In AET Inc Ltd v Arcadia Petroleum Ltd [2009] EWHC 2337 (Comm) – the English Court was required to consider whether laytime continued to run after NOR had been given but before free pratique had been granted.

The tanker "Eagle Valencia" arrived at Escravos but was unable to berth because it was already occupied. The vessel gave N.O.R at 1148 hours on 15 January 2007 and the owner's view was that laytime commenced 6 hours later in accordance with clause 13(3) and 14 of Shellvoy 5. Unfortunately the port health authority only granted free pratique the next day. Charterers accepted the NOR was valid when it was given but claimed that it was "invalidated" when the vessel failed to secure free pratique within six hours of being given. This was because of the wording of a supplementary Shell clause - S.A.C 22- headed the "clearance clause" which seemed to say that time would not run if the owners failed to obtain free pratique within 6 hours of giving NOR. They had failed to obtain free pratique from the authorities with six hours of giving NOR and the charterers alleged time should therefore not count until berthing on the 19 January. The charterers arguments would have stopped laytime running for two days.

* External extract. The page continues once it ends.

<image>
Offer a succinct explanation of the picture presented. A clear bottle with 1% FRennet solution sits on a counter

The owners claimed that the delay in obtaining free pratique was for a matter wholly out of their control. In the event charterers were right it would produce an unreasonable result. That result could be avoided by using three general principles for construing contracts:-.

1.Those general principles were that the vessel in an ideal world would have entered the berth immediately on arrival and that time should run 6 hours after the vessel was lying in an area where she was ordered to wait; the usual waiting place.

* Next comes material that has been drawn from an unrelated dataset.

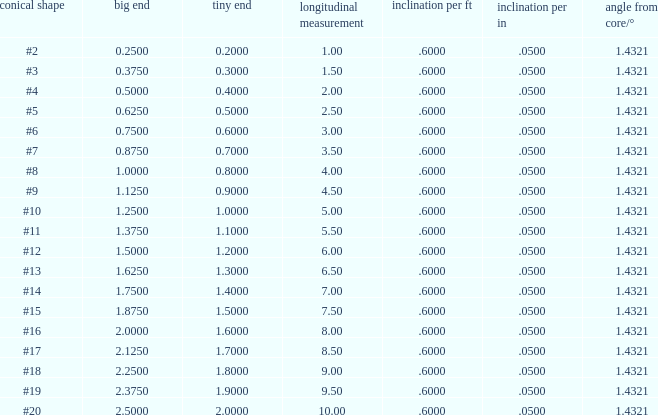Which Angle from center/° has a Taper/ft smaller than 0.6000000000000001? 19.0. 
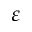Convert formula to latex. <formula><loc_0><loc_0><loc_500><loc_500>\varepsilon</formula>

2. That a written NOR had been tendered.

3.That the specified berth was accessible - and if not accessible what was to happen.

The Court was required to address the underlying conflict in the wording of the Shellvoy form and SAC 22 – "where the parties had not used language with precision". The Court took the view that charterer's view of precise words in SAC 22 were misplaced and that the dispute should be decided against the background of more general principles. The Court decided that there was no "immediate" requirement on the owners to obtain free pratique in the six hours following N.O.R. The obligation on the owner was to obtain free pratique before entering the berth and since this had been done the original N.O.R. was valid and time continued to run.

The Judge concluded that "this demonstrated that SAC 22 was a very badly drafted clause. It was very difficult and perhaps not possible to interpret it in a way which achieved absolute coherence. Rather one should be looking to give the clause a fair and reasonable commercial construction, so far as language permitted". He concluded that owners succeeded in their interpretation of the clause and the general principles that should be applied.

The number of clauses dealing with laytime and demurrage in charterparties continues to grow. The wording of clauses have become more convoluted and are sometime difficult to construe when there are a number of them. This decision perhaps demonstrates the unwillingness of the courts to spend vast amounts of time trying to unpick/construe very precise clauses attempting to deal with very particular instances where time should not count.